Problem description: The listing below is the input. Say how many of its lines contain "labels", giving the number alone.

Material for this exercise:
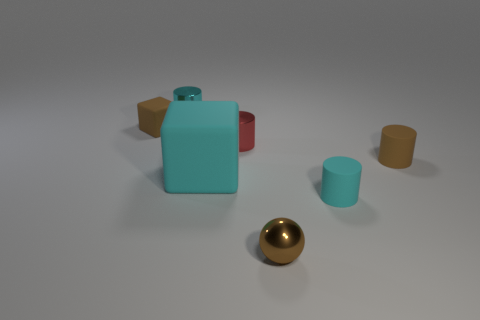What is the size of the metallic thing that is behind the tiny brown matte thing behind the metallic cylinder in front of the brown matte cube?
Give a very brief answer. Small. Are there more big blue rubber blocks than tiny blocks?
Give a very brief answer. No. There is a small rubber object left of the ball; does it have the same color as the sphere right of the brown block?
Keep it short and to the point. Yes. Is the brown object that is left of the large thing made of the same material as the block right of the small block?
Give a very brief answer. Yes. What number of cyan matte things have the same size as the red cylinder?
Your answer should be compact. 1. Are there fewer matte cubes than small cylinders?
Your response must be concise. Yes. There is a small brown rubber thing behind the small brown rubber thing on the right side of the brown sphere; what shape is it?
Offer a very short reply. Cube. What shape is the cyan matte thing that is the same size as the ball?
Offer a very short reply. Cylinder. Is there a brown object that has the same shape as the small cyan metallic object?
Your answer should be compact. Yes. What material is the tiny block?
Provide a short and direct response. Rubber. 
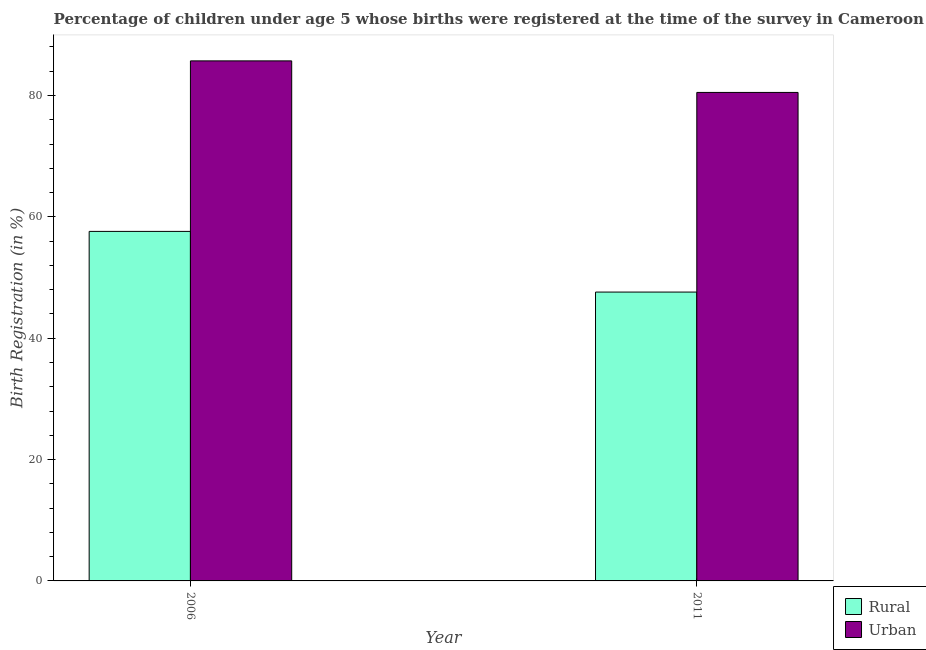How many different coloured bars are there?
Offer a very short reply. 2. Are the number of bars on each tick of the X-axis equal?
Make the answer very short. Yes. How many bars are there on the 2nd tick from the right?
Keep it short and to the point. 2. What is the label of the 2nd group of bars from the left?
Ensure brevity in your answer.  2011. What is the rural birth registration in 2006?
Your answer should be compact. 57.6. Across all years, what is the maximum rural birth registration?
Make the answer very short. 57.6. Across all years, what is the minimum rural birth registration?
Your answer should be compact. 47.6. In which year was the rural birth registration maximum?
Your answer should be very brief. 2006. What is the total urban birth registration in the graph?
Provide a succinct answer. 166.2. What is the difference between the urban birth registration in 2006 and that in 2011?
Give a very brief answer. 5.2. What is the average urban birth registration per year?
Your answer should be compact. 83.1. In the year 2011, what is the difference between the rural birth registration and urban birth registration?
Give a very brief answer. 0. What is the ratio of the urban birth registration in 2006 to that in 2011?
Make the answer very short. 1.06. What does the 2nd bar from the left in 2006 represents?
Offer a terse response. Urban. What does the 2nd bar from the right in 2011 represents?
Offer a very short reply. Rural. How many bars are there?
Keep it short and to the point. 4. How many years are there in the graph?
Your response must be concise. 2. What is the difference between two consecutive major ticks on the Y-axis?
Give a very brief answer. 20. Are the values on the major ticks of Y-axis written in scientific E-notation?
Provide a succinct answer. No. Where does the legend appear in the graph?
Provide a succinct answer. Bottom right. How are the legend labels stacked?
Offer a very short reply. Vertical. What is the title of the graph?
Keep it short and to the point. Percentage of children under age 5 whose births were registered at the time of the survey in Cameroon. Does "Private funds" appear as one of the legend labels in the graph?
Give a very brief answer. No. What is the label or title of the Y-axis?
Offer a terse response. Birth Registration (in %). What is the Birth Registration (in %) in Rural in 2006?
Provide a short and direct response. 57.6. What is the Birth Registration (in %) in Urban in 2006?
Your answer should be compact. 85.7. What is the Birth Registration (in %) in Rural in 2011?
Offer a terse response. 47.6. What is the Birth Registration (in %) of Urban in 2011?
Provide a succinct answer. 80.5. Across all years, what is the maximum Birth Registration (in %) of Rural?
Provide a short and direct response. 57.6. Across all years, what is the maximum Birth Registration (in %) in Urban?
Provide a short and direct response. 85.7. Across all years, what is the minimum Birth Registration (in %) of Rural?
Give a very brief answer. 47.6. Across all years, what is the minimum Birth Registration (in %) of Urban?
Offer a very short reply. 80.5. What is the total Birth Registration (in %) of Rural in the graph?
Keep it short and to the point. 105.2. What is the total Birth Registration (in %) of Urban in the graph?
Your answer should be compact. 166.2. What is the difference between the Birth Registration (in %) in Rural in 2006 and that in 2011?
Offer a very short reply. 10. What is the difference between the Birth Registration (in %) in Urban in 2006 and that in 2011?
Give a very brief answer. 5.2. What is the difference between the Birth Registration (in %) in Rural in 2006 and the Birth Registration (in %) in Urban in 2011?
Provide a succinct answer. -22.9. What is the average Birth Registration (in %) of Rural per year?
Keep it short and to the point. 52.6. What is the average Birth Registration (in %) in Urban per year?
Your response must be concise. 83.1. In the year 2006, what is the difference between the Birth Registration (in %) in Rural and Birth Registration (in %) in Urban?
Your answer should be very brief. -28.1. In the year 2011, what is the difference between the Birth Registration (in %) of Rural and Birth Registration (in %) of Urban?
Make the answer very short. -32.9. What is the ratio of the Birth Registration (in %) of Rural in 2006 to that in 2011?
Your answer should be very brief. 1.21. What is the ratio of the Birth Registration (in %) of Urban in 2006 to that in 2011?
Offer a terse response. 1.06. What is the difference between the highest and the second highest Birth Registration (in %) of Urban?
Offer a very short reply. 5.2. What is the difference between the highest and the lowest Birth Registration (in %) in Urban?
Provide a short and direct response. 5.2. 
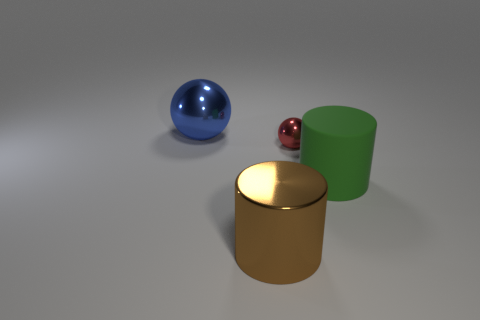Is there a color here that is most dominant, and if so, which object exemplifies it? The color green seems most dominant, as the green cylinder stands out due to its size and solid, uniform color. 
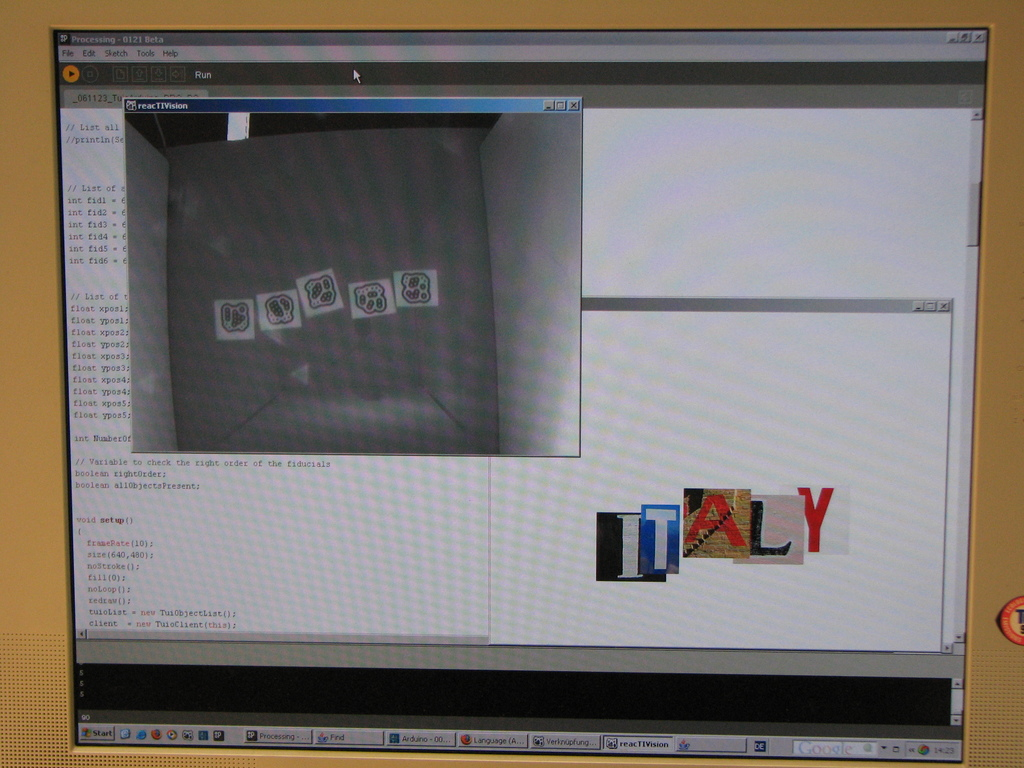What software is being used in this image and what is its primary purpose? The software shown in the image is 'reacTIVision', which is primarily used for tracking fiducial markers in real-time interactive systems, aiding in multimedia projects and interactive applications. How does the layout of this software interface contribute to its functionality? The interface is designed for clarity and accessibility; the large viewing area for the grid with fiducial markers allows users to monitor changes in real-time, while the separate window for project elements, like the ITALY images, helps in organizing content efficiently. 
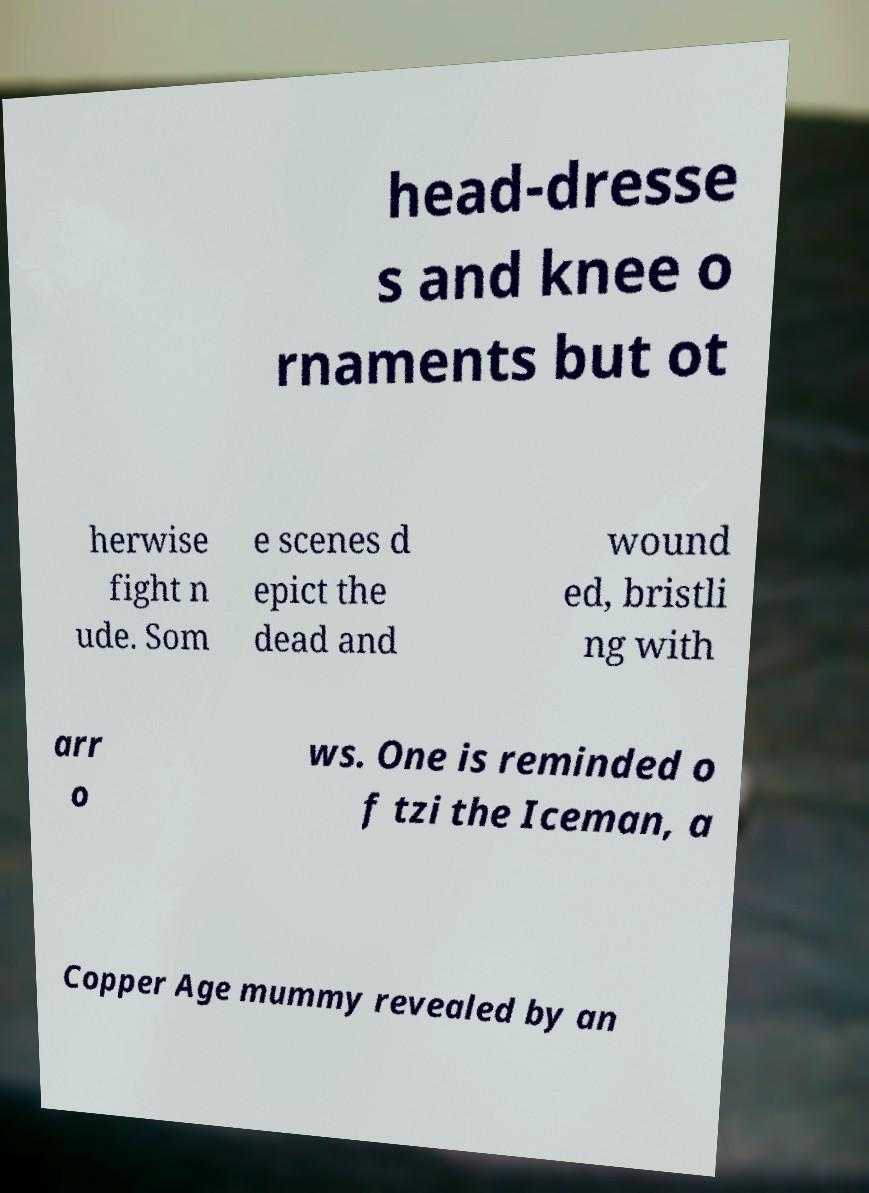For documentation purposes, I need the text within this image transcribed. Could you provide that? head-dresse s and knee o rnaments but ot herwise fight n ude. Som e scenes d epict the dead and wound ed, bristli ng with arr o ws. One is reminded o f tzi the Iceman, a Copper Age mummy revealed by an

Written answer: 2